Cet avant-propos me semble indispensable pour éviter toute déception à l’égard du livre ; ne rien y chercher de précis, mais méditer ce que Strauss lui-même médite, et comprendre la profondeur de textes infinis, parcourus de sens enchevêtrés dont Strauss se propose progressivement de donner une méthode d’élucidation. Si donc il fallait rapporter ce livre parmi les plus célèbres de Strauss à un slogan facile, je dirais qu’il s’agit là d’un Discours de la méthode dans lequel le moyen de ne pas se laisser berner par les apparentes contradictions de textes sacrés ou philosophiques nous est délivré.

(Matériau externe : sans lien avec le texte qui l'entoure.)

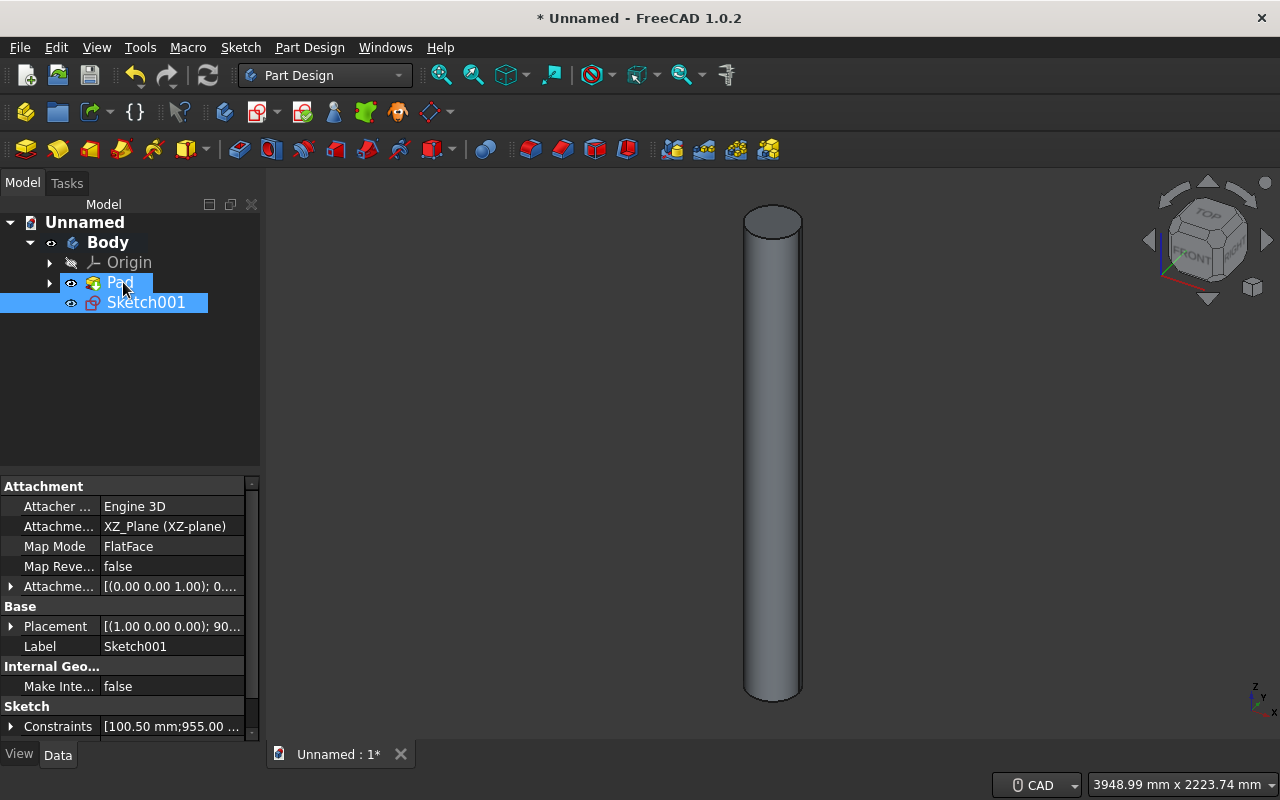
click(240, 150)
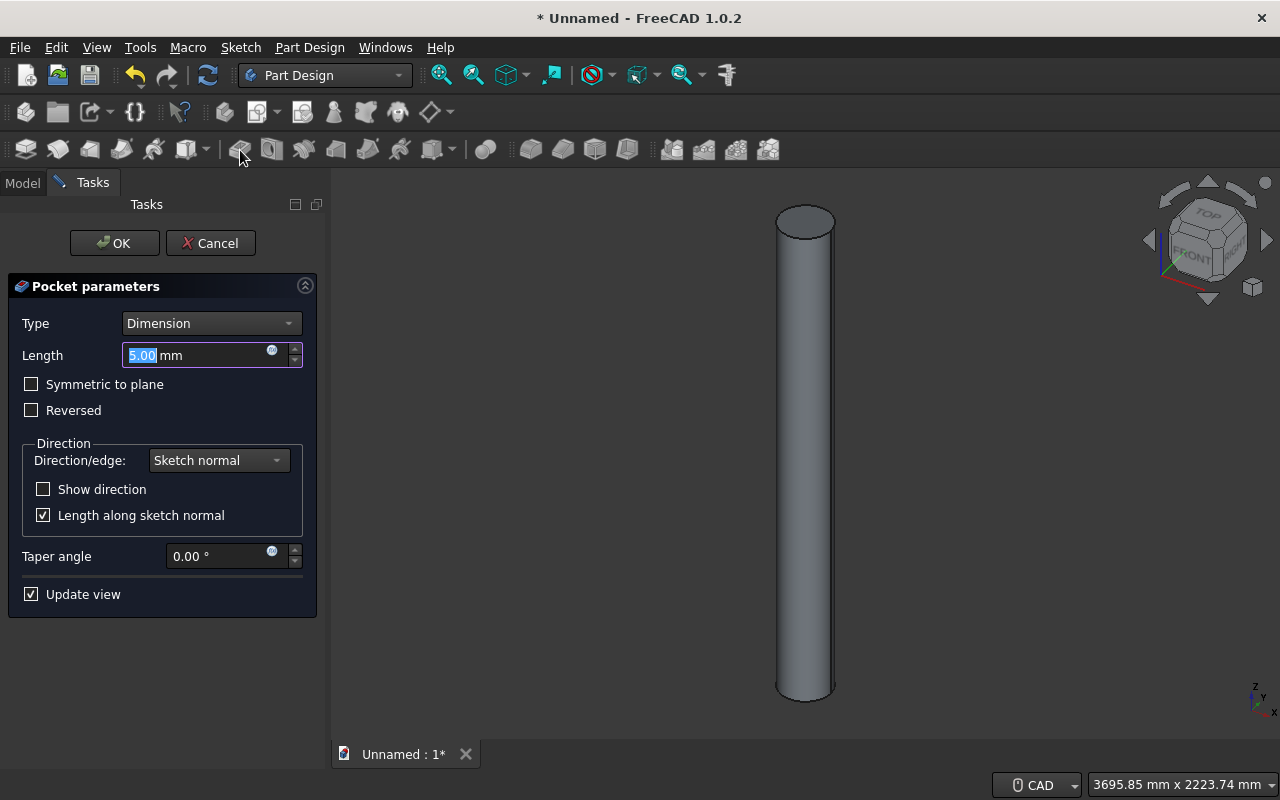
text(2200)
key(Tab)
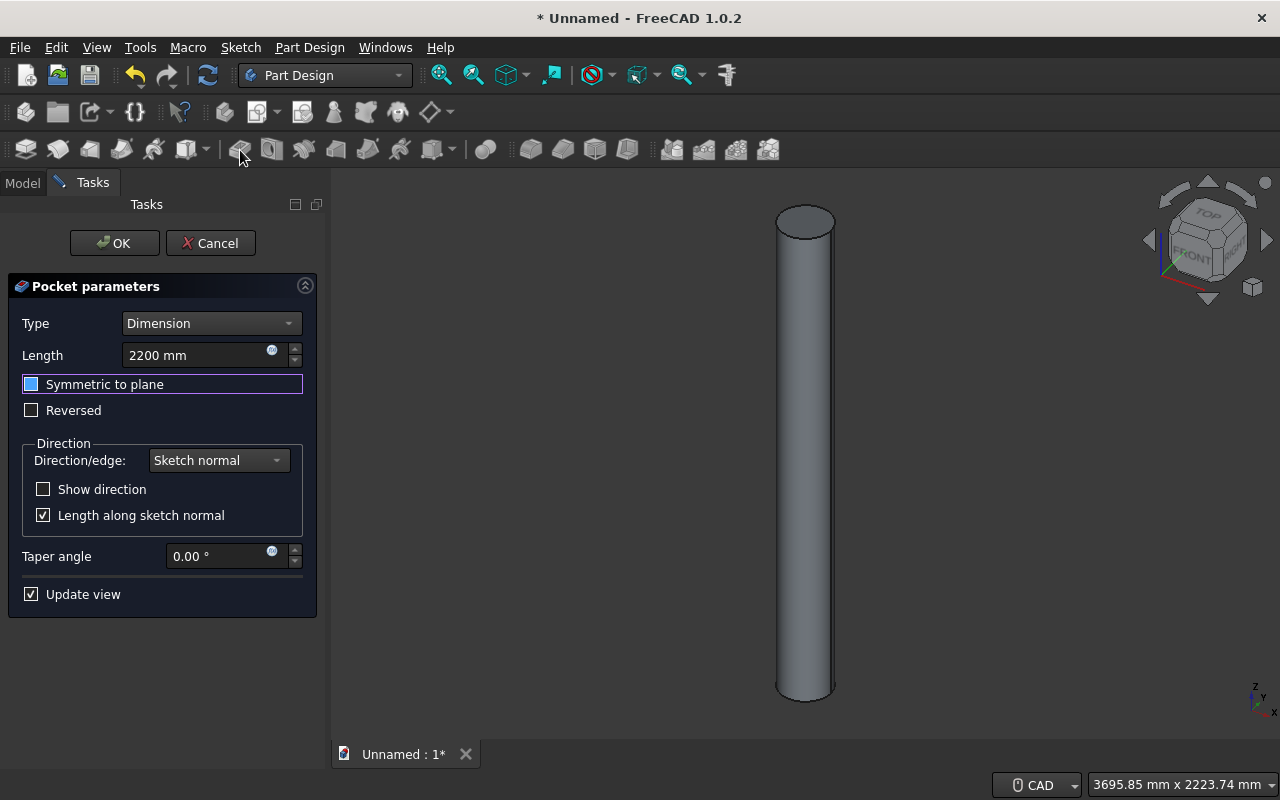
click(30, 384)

Toutefois, bien qu’il s’agisse d’une visée méthodologique, le thème sur lequel porte cette dernière se trouve lui-même unifié : en dépit des apparentes incursions dans les textes sacrés, Strauss prend le soin de rappeler l’unité thématique du recueil : « Les articles de ce volume ici rassemblés le sont principalement parce qu’ils traitent tous d’un unique problème : le problème de la relation entre la philosophie et la politique. »3 C’est d’ailleurs pour des raisons essentiellement politiques que va pouvoir se déployer l’ « art d’écrire » comme capacité extraordinaire de signifier au lecteur averti le contraire de ce qui apparaîtra écrit au profane.

A : Le politique comme voile

Une longue introduction se propose d’explorer les raisons pour lesquelles la persécution et l’art d’écrire se trouvent liés l’un à l’autre, et comment la persécution génère curieusement une façon d’écrire spécifique, appelant un abîme du sens, que seul saura restituer le lecteur éveillé. Ainsi que je viens de le rappeler, les raisons pour lesquelles se sont développés les artifices ésotériques du sens tiennent au politique ; la persécution politique des pensées philosophiques a amené celles-ci à adopter des stratagèmes en vue de se défendre desdites persécutions et de pouvoir poursuivre l’écriture de cela même qui n’aurait pu se laisser intimider par les menaces politiques. La meilleure manière de contourner cette persécution, nous dit Strauss, ce fut de proposer des manuels d’apparence parfaitement exotérique ; rien ne semblait caché, tout semblait explicite dans les textes, et cette mise en évidence d’un sens ouvert et lumineux constitua le leurre primordial, permettant d’échapper aux persécutions. « L’enseignement exotérique, écrit Strauss, était nécessaire afin de protéger la philosophie. Il constituait la cuirasse dont la philosophie devait se revêtir pour paraître en public. Il était nécessaire pour des raisons politiques. Il était la forme sous laquelle la philosophie devint visible pour la communauté politique. C’était l’aspect politique de la philosophie. L’enseignement exotérique était la philosophie « politique ». »4 Ce qui est ici intéressant, c’est l’idée selon laquelle l’ésotérisme des textes ne va pas sans l’envers qu’est l’exotérisme : un texte véritablement ésotérique se présente d’abord comme exotérique, c’est-à-dire comme politique, au sens où le philosophe se doit de simuler une défense des intérêts publics dans ses textes alors que, profondément, il ne défend que les intérêts de la philosophie.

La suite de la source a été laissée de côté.